Dal principio non si potrà mai formulare una giusta valutazione, del grado e del valore di una crisi né soprattutto della sua forza di diffusione; perché non è tanto un programma che le imprima la sua direzione quanto la sua potenza in materie infiammabili e cioè il numero e la disposizione di quelli che soffrono e che si augurano da molto tempo uno sconvolgimento generale. Una cosa è certa: la resistenza materiale non fa che accentuare le varie crisi, mentre gli sconvolgimenti superficiali e parziali ne sono paralizzati nonostante tutto il fracasso che hanno fatto nascendo”.(p.159)

Dal momento che la crisi precipita ed entra nella fase di stanchezza, i vecchi mezzi usati dal potere, esercito e polizia, riprendono da soli la loro strada. Ed è a questa la forza già pronta e non a delle assemblee di nuova elezione e moderate che un regime sfinito chiederà la salvezza”.(p.168)

Ma alle volte, le democrazie sono ancor più facili ad abdicare[…]Il dispotismo provoca spesso un benessere materiale che cancella il ricordo della crisi.
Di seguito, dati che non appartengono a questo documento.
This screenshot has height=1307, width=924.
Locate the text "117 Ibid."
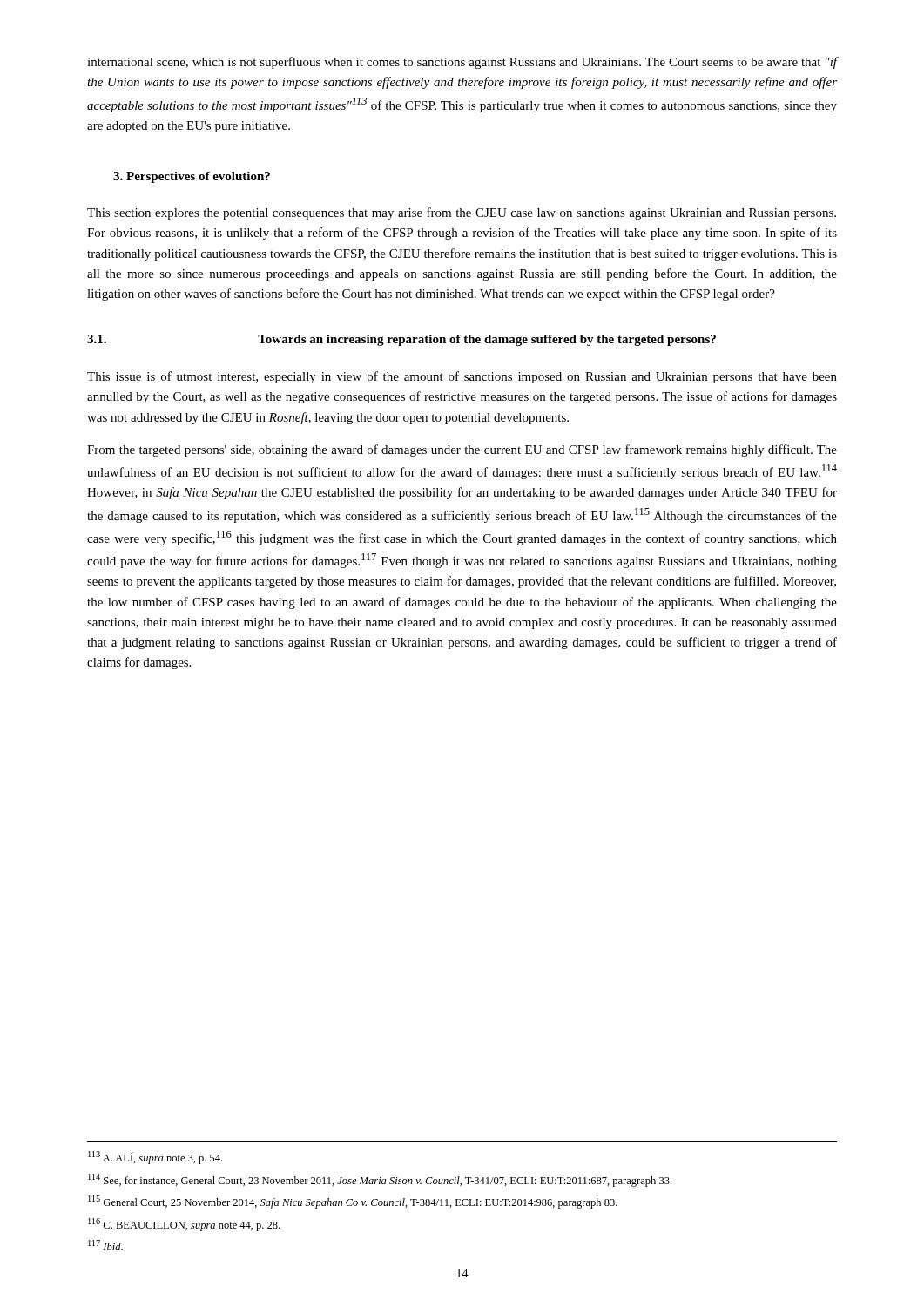(105, 1245)

Ma le sue conseguenze sono inevitabili perché, per se stesso essendo personale esso non offre nessuna garanzia, e come erede di un grande potere propende a commettere delle violenze contro i vicini non fosse che perché vede in loro una metastasi delle agitazioni interne che, fino allora, hanno turbato il suo paese”.(p.169)
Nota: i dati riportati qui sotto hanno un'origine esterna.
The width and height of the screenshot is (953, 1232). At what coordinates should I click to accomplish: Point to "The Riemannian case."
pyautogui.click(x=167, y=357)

Le crisi rappresentano una svolta nel nostro sviluppo; esse ci liberano di colpo di un’infinità di forze esterne da tempo prive di vita ma la cui eliminazione era resa impossibile dal loro diritto storico”. (p.171)

Le crisi ci liberano anche dal timore esagerato dei cambiamenti; fanno balzar fuori delle vigorose e nuove personalità”.(p.171)
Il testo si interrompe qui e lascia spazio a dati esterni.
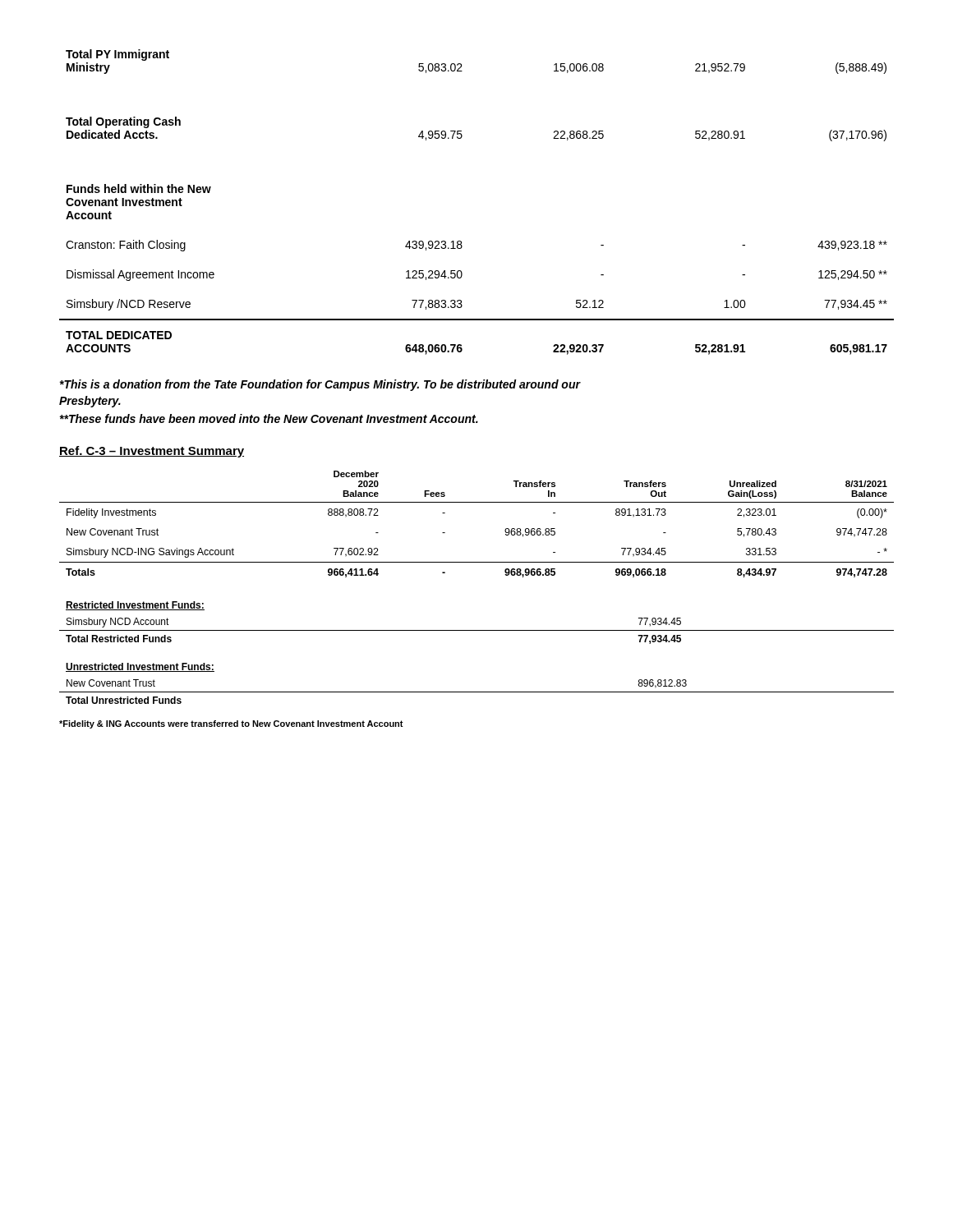The image size is (953, 1232).
Task: Find the table that mentions "Transfers In"
Action: tap(476, 524)

Lo sconvolgimento (della crisi) per se stesso è poco o niente nocivo all’arte e alla letteratura; in mezzo al pericolo generale, sorgono delle grandi forze spirituali fino allora sconosciute e sconcertano completamente i puri sfruttatori della crisi”.(p.172)

È molto da temere che la crisi attuale (1848) si complichi nell’avvenire in guerre gigantesche tra i popoli”.(p.174)


DISPOTISMO

Quando un capo o un partito è esaurito o cade, è subito rimpiazzato da un altro che forse non avrà più le attitudini occasionali richieste ma che per un momento diventerà ugualmente il centro degli avvenimenti”.(p.161)

Le masse vogliono guadagnarsi la vita in pace; se la repubblica o la monarchia gliene daranno il modo, esse approveranno il regime; se no, senza incertezze, esse favoriranno quella prima forma di Stato che prometterà loro questo vantaggio”.(p.184)

Le grandi assemblee nazionali sono in genere il primo campo d’azione delle crisi”.(p.160)

Così la Francia ha conservato l’eguaglianza mentre la Rivoluzione credeva ingenuamente di aver iniziato gli uomini alla libertà, di esser lei stessa la libertà in persona, lei che era priva della più elementare indipendenza come può esserlo un incendio in una foresta”.(p.165)

Così i nuovi proprietari dei beni nazionali in Francia, provavano dopo il 1794-95 solo disgusto per il vecchio regime eppure si auguravano ardentemente la formazione di una potenza dispotica che potesse garantire loro un pacifico possesso, e tanto peggio per la libertà”.(p.167)

Per terminare, consideriamo la questione religiosa. Tutta l’Europa occidentale soffre della lotta tra il concetto della vita nato dalla Rivoluzione francese e quello della Chiesa cattolica; questo urto, in ultima analisi, viene dall’ottimismo della prima e dal pessimismo della seconda”.(p.183)

4 Locke J., Lettera sulla tolleranza, (1994), Edizioni Laterza, Roma-Bari, 2002, p.39.